▶ **TASK REQUIREMENTS**:
Word for word, restate the records from their first line through the line with "text Для того, чтобы", both ends included; omit each picture.

Items from a data source:
►

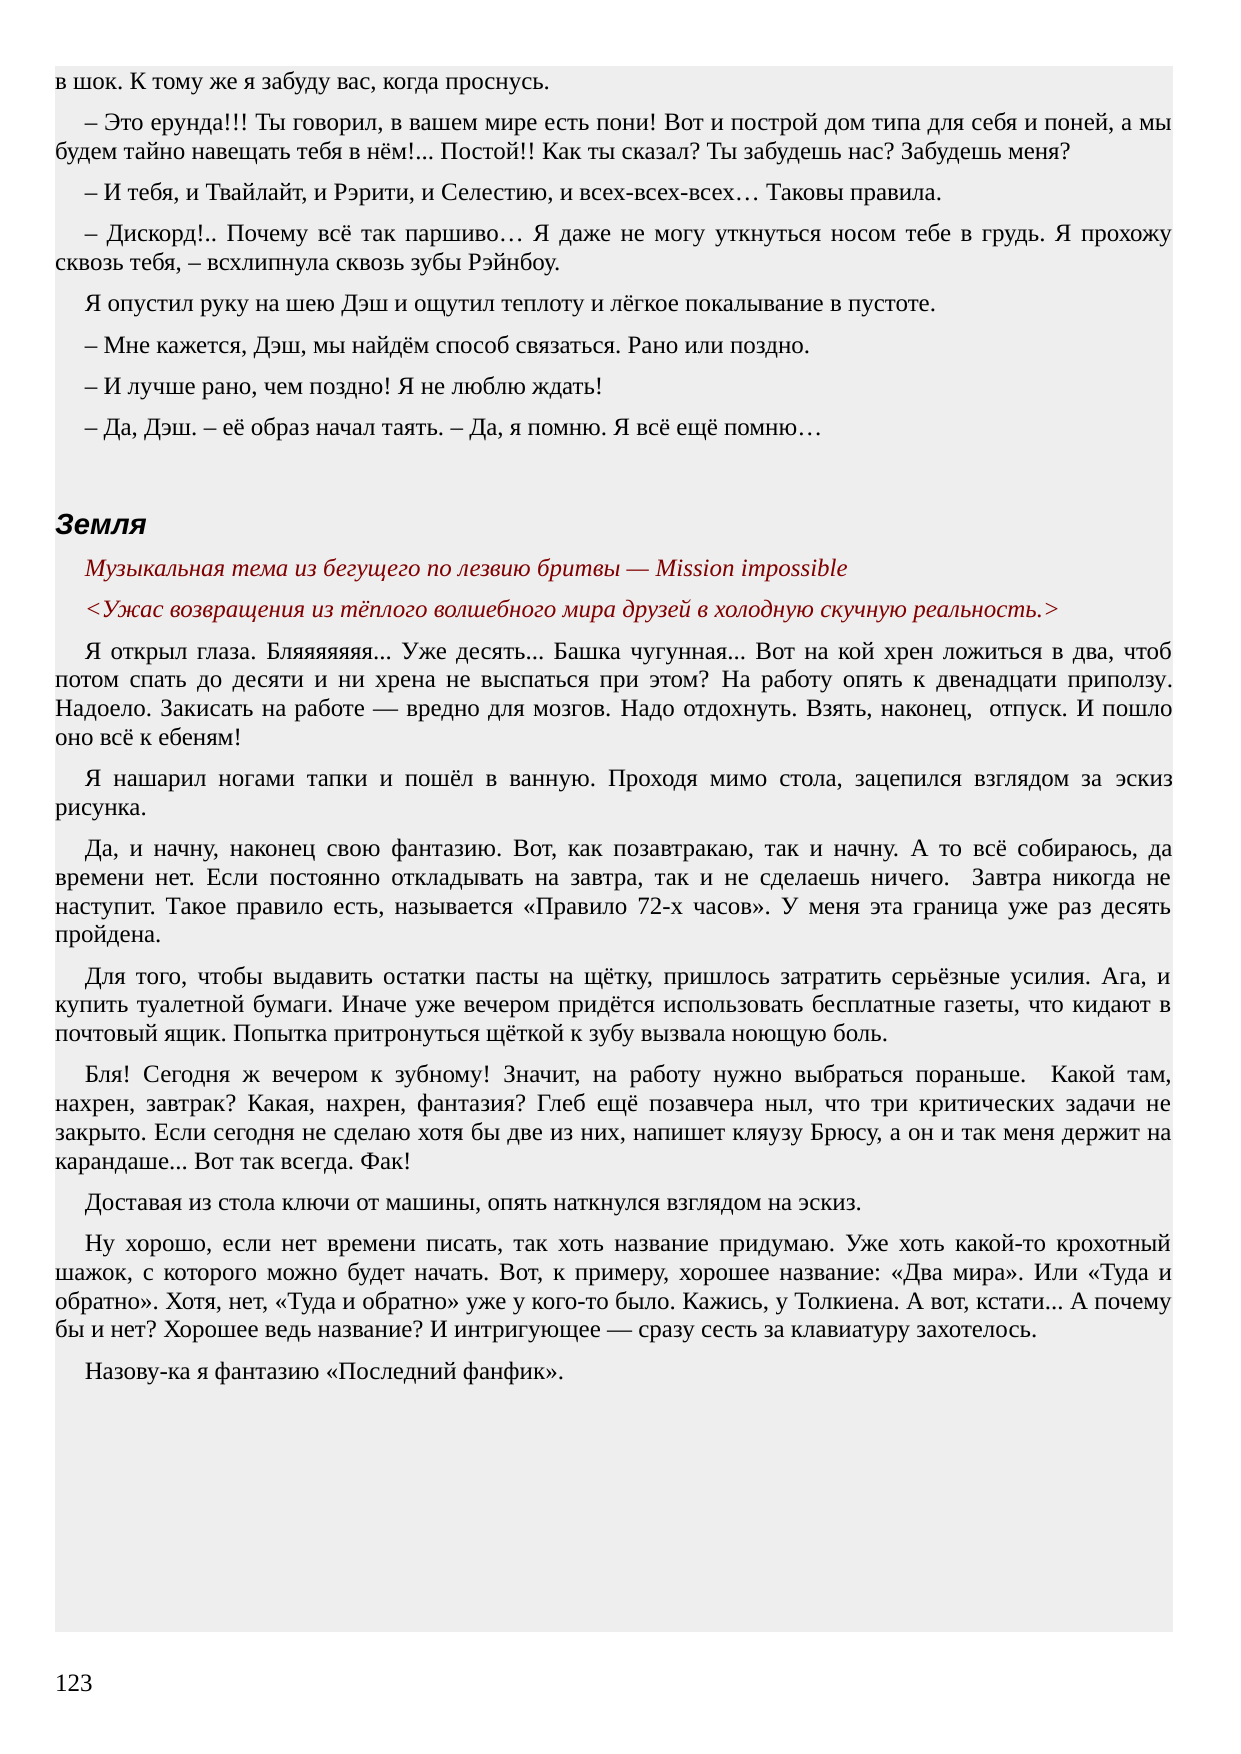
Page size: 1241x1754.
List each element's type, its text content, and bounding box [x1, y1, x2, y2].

text Да, и начну, наконец свою фантазию. Вот, как позавтракаю, так и начну. А то всё собираюсь, да времени нет. Если постоянно откладывать на завтра, так и не сделаешь ничего. Завтра никогда не наступит. Такое правило есть, называется «Правило 72-х часов». У меня эта граница уже раз десять пройдена. [55, 833, 1173, 948]
text – Мне кажется, Дэш, мы найдём способ связаться. Рано или поздно. [55, 330, 1173, 358]
text Я нашарил ногами тапки и пошёл в ванную. Проходя мимо стола, зацепился взглядом за эскиз рисунка. [55, 763, 1173, 821]
text – Дискорд!.. Почему всё так паршиво… Я даже не могу уткнуться носом тебе в грудь. Я прохожу сквозь тебя, – всхлипнула сквозь зубы Рэйнбоу. [55, 218, 1173, 276]
text – И лучше рано, чем поздно! Я не люблю ждать! [55, 371, 1173, 400]
text Доставая из стола ключи от машины, опять наткнулся взглядом на эскиз. [55, 1187, 1173, 1216]
text Я открыл глаза. Бляяяяяяя... Уже десять... Башка чугунная... Вот на кой хрен ложиться в два, чтоб потом спать до десяти и ни хрена не выспаться при этом? На работу опять к двенадцати приползу. Надоело. Закисать на работе — вредно для мозгов. Надо отдохнуть. Взять, наконец, отпуск. И пошло оно всё к ебеням! [55, 636, 1173, 751]
text в шок. К тому же я забуду вас, когда проснусь. [55, 66, 1173, 95]
text Для того, чтобы выдавить остатки пасты на щётку, пришлось затратить серьёзные усилия. Ага, и купить туалетной бумаги. Иначе уже вечером придётся использовать бесплатные газеты, что кидают в почтовый ящик. Попытка притронуться щёткой к зубу вызвала ноющую боль. [55, 961, 1173, 1047]
text Бля! Сегодня ж вечером к зубному! Значит, на работу нужно выбраться пораньше. Какой там, нахрен, завтрак? Какая, нахрен, фантазия? Глеб ещё позавчера ныл, что три критических задачи не закрыто. Если сегодня не сделаю хотя бы две из них, напишет кляузу Брюсу, а он и так меня держит на карандаше... Вот так всегда. Фак! [55, 1059, 1173, 1174]
text Я опустил руку на шею Дэш и ощутил теплоту и лёгкое покалывание в пустоте. [55, 288, 1173, 317]
text – Да, Дэш. – её образ начал таять. – Да, я помню. Я всё ещё помню… [55, 412, 1173, 441]
text Музыкальная тема из бегущего по лезвию бритвы — Mission impossible [55, 553, 1173, 582]
text – Это ерунда!!! Ты говорил, в вашем мире есть пони! Вот и построй дом типа для себя и поней, а мы будем тайно навещать тебя в нём!... Постой!! Как ты сказал? Ты забудешь нас? Забудешь меня? [55, 107, 1173, 165]
subtitle Земля [55, 507, 1173, 541]
text Ну хорошо, если нет времени писать, так хоть название придумаю. Уже хоть какой-то крохотный шажок, с которого можно будет начать. Вот, к примеру, хорошее название: «Два мира». Или «Туда и обратно». Хотя, нет, «Туда и обратно» уже у кого-то было. Кажись, у Толкиена. А вот, кстати... А почему бы и нет? Хорошее ведь название? И интригующее — сразу сесть за клавиатуру захотелось. [55, 1228, 1173, 1343]
text – И тебя, и Твайлайт, и Рэрити, и Селестию, и всех-всех-всех… Таковы правила. [55, 177, 1173, 206]
text Назову-ка я фантазию «Последний фанфик». [55, 1356, 1173, 1384]
text <Ужас возвращения из тёплого волшебного мира друзей в холодную скучную реальность.> [55, 594, 1173, 623]
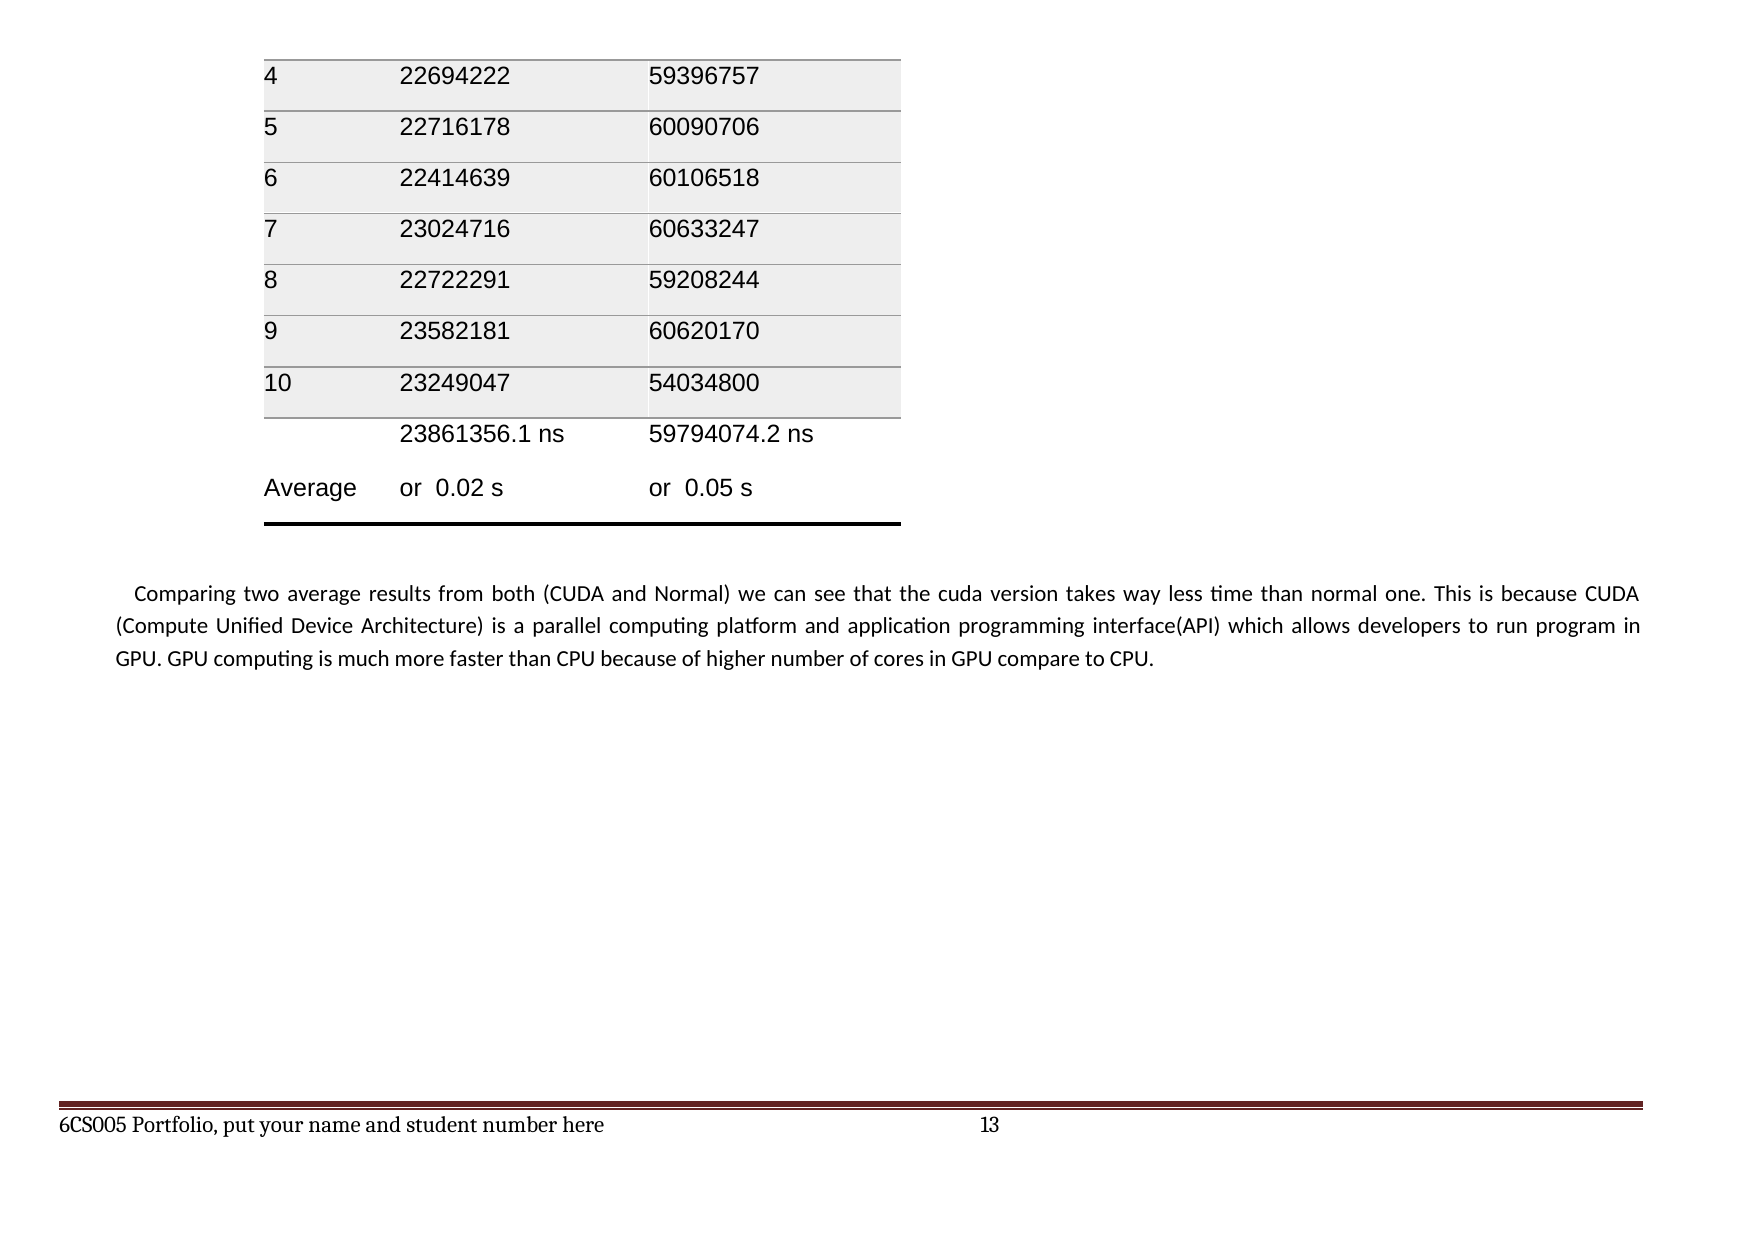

◄

▶ **REPLY TO THE EXERCISE**:
Page size: 1241x1754.
List each element's type, its text content, and bounding box [x1, y1, x2, y2].

text Да, и начну, наконец свою фантазию. Вот, как позавтракаю, так и начну. А то всё собираюсь, да времени нет. Если постоянно откладывать на завтра, так и не сделаешь ничего. Завтра никогда не наступит. Такое правило есть, называется «Правило 72-х часов». У меня эта граница уже раз десять пройдена. [55, 833, 1173, 948]
text – Мне кажется, Дэш, мы найдём способ связаться. Рано или поздно. [55, 330, 1173, 358]
text Я нашарил ногами тапки и пошёл в ванную. Проходя мимо стола, зацепился взглядом за эскиз рисунка. [55, 763, 1173, 821]
text – Дискорд!.. Почему всё так паршиво… Я даже не могу уткнуться носом тебе в грудь. Я прохожу сквозь тебя, – всхлипнула сквозь зубы Рэйнбоу. [55, 218, 1173, 276]
text – И лучше рано, чем поздно! Я не люблю ждать! [55, 371, 1173, 400]
text Доставая из стола ключи от машины, опять наткнулся взглядом на эскиз. [55, 1187, 1173, 1216]
text Я открыл глаза. Бляяяяяяя... Уже десять... Башка чугунная... Вот на кой хрен ложиться в два, чтоб потом спать до десяти и ни хрена не выспаться при этом? На работу опять к двенадцати приползу. Надоело. Закисать на работе — вредно для мозгов. Надо отдохнуть. Взять, наконец, отпуск. И пошло оно всё к ебеням! [55, 636, 1173, 751]
text в шок. К тому же я забуду вас, когда проснусь. [55, 66, 1173, 95]
text Для того, чтобы выдавить остатки пасты на щётку, пришлось затратить серьёзные усилия. Ага, и купить туалетной бумаги. Иначе уже вечером придётся использовать бесплатные газеты, что кидают в почтовый ящик. Попытка притронуться щёткой к зубу вызвала ноющую боль. [55, 961, 1173, 1047]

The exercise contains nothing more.